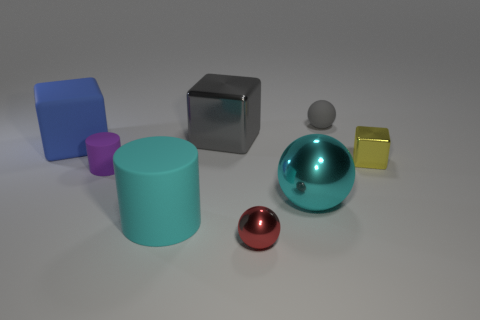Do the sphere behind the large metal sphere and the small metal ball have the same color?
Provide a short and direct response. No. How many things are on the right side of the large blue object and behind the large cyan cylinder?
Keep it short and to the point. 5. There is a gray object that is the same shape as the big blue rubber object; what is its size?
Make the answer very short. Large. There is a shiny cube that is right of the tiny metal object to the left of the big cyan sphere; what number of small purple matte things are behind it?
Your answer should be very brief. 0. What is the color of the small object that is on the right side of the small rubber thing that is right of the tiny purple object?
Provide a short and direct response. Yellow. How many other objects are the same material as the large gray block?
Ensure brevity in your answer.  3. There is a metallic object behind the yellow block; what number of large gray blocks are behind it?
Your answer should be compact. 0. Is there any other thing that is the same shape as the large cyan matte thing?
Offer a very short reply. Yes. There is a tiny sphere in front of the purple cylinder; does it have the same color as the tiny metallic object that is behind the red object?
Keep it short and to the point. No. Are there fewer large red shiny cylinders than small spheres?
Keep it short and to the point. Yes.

==

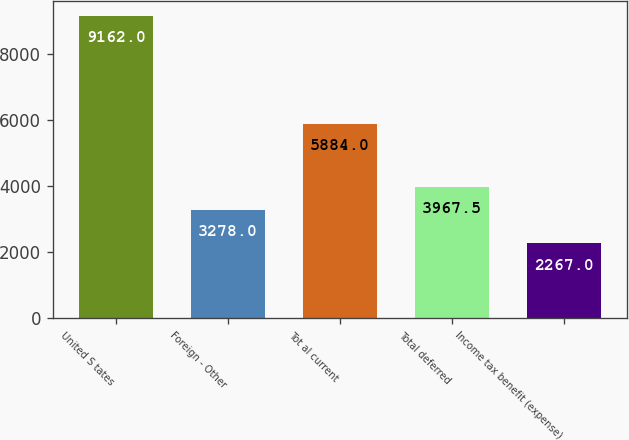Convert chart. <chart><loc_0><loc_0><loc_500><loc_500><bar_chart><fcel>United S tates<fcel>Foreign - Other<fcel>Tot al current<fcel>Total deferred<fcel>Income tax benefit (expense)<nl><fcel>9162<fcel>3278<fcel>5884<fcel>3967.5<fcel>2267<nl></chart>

* * *

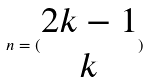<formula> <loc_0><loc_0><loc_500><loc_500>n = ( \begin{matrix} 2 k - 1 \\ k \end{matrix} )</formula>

■ ASSIGNMENT:
Write down exactly the span of lines above from the one containing "Ensure brevity in" to the one containing "Keep it short and to the point. Yes.", both ends included.

■ RESULT OF THIS EXERCISE:
Ensure brevity in your answer.  3. There is a metallic object behind the yellow block; what number of large gray blocks are behind it?
Your answer should be compact. 0. Is there any other thing that is the same shape as the large cyan matte thing?
Offer a very short reply. Yes. There is a tiny sphere in front of the purple cylinder; does it have the same color as the tiny metallic object that is behind the red object?
Keep it short and to the point. No. Are there fewer large red shiny cylinders than small spheres?
Keep it short and to the point. Yes.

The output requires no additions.